» WORK REQUIRED
Each line below that contains the word "swaggify" must be copied.

» INPUT DATA
━━━━
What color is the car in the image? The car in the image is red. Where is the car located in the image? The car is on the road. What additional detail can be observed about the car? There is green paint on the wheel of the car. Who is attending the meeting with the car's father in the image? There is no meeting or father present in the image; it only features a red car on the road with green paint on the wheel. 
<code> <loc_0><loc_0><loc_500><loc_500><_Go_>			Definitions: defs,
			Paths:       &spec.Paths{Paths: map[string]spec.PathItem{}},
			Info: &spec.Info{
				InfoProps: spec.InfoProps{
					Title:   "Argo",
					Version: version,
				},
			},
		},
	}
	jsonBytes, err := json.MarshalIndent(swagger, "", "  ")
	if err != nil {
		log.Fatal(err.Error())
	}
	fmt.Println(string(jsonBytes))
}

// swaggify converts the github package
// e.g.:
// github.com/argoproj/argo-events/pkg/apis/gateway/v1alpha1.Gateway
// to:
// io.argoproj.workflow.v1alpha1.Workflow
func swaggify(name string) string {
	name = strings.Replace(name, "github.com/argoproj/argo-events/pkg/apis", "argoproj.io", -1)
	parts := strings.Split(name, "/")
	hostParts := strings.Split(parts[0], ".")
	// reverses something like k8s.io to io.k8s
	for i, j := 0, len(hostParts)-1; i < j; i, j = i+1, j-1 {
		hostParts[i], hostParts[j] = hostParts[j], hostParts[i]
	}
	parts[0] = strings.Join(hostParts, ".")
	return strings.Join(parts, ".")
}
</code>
━━━━
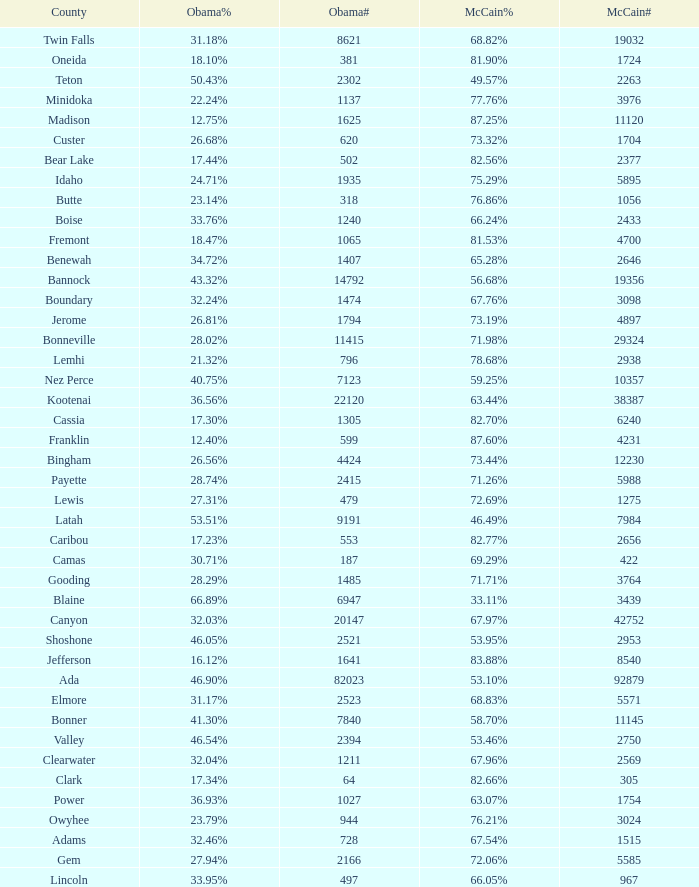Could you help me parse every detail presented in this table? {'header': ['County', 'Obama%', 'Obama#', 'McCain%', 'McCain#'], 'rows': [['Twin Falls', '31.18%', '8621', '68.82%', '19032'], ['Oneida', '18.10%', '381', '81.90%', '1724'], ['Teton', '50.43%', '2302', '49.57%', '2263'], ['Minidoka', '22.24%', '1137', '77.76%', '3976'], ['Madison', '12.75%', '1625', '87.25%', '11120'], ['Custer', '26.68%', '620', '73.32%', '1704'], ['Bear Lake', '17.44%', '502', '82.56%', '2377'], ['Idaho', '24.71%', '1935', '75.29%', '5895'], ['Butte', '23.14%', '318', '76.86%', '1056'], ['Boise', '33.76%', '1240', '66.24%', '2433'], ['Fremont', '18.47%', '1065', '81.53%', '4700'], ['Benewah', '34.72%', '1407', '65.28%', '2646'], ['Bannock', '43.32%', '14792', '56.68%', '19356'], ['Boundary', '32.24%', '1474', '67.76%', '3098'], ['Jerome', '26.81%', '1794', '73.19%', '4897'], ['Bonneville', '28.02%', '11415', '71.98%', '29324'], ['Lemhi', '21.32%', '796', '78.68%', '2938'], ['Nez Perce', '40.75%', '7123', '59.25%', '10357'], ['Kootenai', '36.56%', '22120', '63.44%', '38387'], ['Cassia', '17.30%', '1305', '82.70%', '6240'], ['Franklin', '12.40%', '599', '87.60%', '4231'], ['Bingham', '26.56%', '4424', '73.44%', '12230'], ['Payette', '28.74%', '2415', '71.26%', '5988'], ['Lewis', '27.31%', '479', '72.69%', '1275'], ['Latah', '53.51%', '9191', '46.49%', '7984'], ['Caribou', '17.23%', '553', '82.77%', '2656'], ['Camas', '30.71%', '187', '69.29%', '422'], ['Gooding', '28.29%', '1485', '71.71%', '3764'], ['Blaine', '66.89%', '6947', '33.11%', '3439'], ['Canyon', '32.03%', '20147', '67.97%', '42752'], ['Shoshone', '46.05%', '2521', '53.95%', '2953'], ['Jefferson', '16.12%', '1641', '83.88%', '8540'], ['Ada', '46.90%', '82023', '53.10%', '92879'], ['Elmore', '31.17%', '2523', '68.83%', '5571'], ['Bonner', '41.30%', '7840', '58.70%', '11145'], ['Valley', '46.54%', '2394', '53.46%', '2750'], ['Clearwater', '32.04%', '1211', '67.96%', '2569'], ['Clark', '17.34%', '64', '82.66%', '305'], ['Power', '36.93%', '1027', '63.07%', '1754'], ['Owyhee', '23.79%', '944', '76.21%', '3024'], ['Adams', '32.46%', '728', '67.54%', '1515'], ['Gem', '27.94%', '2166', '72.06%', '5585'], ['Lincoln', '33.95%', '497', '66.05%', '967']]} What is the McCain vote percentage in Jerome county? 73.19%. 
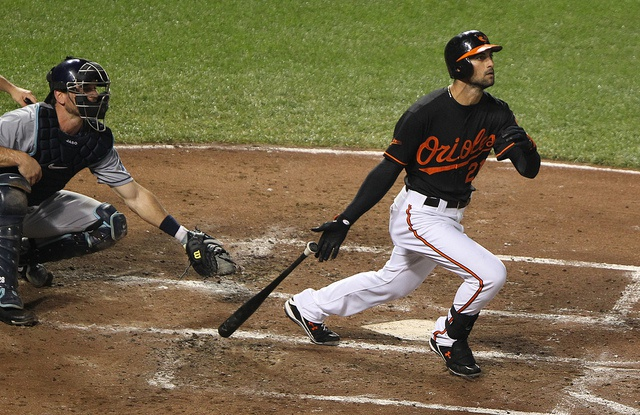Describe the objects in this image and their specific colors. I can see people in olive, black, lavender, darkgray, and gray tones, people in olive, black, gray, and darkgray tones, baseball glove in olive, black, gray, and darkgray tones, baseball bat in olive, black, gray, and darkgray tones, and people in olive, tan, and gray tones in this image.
━━━━
» YOUR RESPONSE
// swaggify converts the github package
func swaggify(name string) string {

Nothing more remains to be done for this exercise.